**EXERCISE DIRECTIONS**
The string "Units" may appear in lines of the data; report how many lines contain it, with no other output.

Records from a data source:
§

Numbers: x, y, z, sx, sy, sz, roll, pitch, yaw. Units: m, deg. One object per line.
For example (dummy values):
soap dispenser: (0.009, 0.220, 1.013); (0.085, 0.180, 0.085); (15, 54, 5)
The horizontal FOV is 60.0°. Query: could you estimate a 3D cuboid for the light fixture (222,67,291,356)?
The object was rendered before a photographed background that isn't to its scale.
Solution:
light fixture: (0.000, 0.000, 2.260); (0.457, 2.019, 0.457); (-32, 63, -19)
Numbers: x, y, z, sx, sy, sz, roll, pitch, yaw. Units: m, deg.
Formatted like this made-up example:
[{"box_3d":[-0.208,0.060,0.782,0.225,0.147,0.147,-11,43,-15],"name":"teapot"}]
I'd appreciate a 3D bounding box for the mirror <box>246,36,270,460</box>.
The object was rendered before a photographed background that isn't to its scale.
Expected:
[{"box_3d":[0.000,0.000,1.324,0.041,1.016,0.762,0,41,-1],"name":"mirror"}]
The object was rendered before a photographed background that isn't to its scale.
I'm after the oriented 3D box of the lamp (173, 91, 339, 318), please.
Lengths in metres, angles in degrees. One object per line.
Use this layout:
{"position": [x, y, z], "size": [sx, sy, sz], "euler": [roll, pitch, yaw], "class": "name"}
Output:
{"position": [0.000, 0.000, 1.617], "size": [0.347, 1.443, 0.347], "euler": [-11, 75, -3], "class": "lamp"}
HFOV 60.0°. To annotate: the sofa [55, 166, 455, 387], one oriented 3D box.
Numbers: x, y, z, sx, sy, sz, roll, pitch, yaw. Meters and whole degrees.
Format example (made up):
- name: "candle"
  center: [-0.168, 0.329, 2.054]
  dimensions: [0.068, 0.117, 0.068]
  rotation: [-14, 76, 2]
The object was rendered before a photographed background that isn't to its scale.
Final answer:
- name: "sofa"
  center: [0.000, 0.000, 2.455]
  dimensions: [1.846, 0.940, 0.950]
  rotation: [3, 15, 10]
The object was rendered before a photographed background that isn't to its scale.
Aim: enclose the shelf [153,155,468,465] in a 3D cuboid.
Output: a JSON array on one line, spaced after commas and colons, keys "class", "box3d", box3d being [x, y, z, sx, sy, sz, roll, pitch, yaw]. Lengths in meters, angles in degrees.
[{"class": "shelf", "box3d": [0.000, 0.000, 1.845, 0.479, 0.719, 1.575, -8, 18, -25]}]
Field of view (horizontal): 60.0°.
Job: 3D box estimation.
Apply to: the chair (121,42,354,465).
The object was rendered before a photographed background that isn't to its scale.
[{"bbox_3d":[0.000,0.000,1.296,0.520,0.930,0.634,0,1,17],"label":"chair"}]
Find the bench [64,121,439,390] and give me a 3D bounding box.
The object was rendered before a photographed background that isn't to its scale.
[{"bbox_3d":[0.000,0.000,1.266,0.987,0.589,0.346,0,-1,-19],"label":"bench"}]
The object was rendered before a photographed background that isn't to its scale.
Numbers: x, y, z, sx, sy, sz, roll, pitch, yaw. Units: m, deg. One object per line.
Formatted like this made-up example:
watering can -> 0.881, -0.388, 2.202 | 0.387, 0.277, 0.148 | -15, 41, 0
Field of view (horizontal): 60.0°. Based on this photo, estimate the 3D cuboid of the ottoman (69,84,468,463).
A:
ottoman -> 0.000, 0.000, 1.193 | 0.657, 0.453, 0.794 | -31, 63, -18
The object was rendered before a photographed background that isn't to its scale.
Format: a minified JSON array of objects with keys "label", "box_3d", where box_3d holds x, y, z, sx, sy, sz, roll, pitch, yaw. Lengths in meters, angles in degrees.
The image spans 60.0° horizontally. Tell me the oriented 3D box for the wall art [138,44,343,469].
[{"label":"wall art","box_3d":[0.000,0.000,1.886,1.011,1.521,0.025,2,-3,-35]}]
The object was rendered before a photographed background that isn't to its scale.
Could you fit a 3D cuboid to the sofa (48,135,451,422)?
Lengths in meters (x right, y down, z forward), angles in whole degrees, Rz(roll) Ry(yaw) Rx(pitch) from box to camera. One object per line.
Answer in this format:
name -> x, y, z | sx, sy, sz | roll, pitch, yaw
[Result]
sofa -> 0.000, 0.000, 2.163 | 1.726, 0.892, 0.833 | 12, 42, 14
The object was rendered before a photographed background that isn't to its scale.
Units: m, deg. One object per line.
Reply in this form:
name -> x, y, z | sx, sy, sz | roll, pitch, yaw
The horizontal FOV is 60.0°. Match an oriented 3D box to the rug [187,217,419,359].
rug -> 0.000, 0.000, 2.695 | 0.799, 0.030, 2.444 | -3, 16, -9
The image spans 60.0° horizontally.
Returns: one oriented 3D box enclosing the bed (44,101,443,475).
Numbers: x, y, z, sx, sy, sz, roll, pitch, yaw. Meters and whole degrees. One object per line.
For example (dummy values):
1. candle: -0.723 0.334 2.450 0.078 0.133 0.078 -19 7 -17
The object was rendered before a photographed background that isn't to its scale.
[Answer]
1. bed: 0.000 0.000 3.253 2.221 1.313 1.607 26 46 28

§

**EXERCISE RESPONSE**
4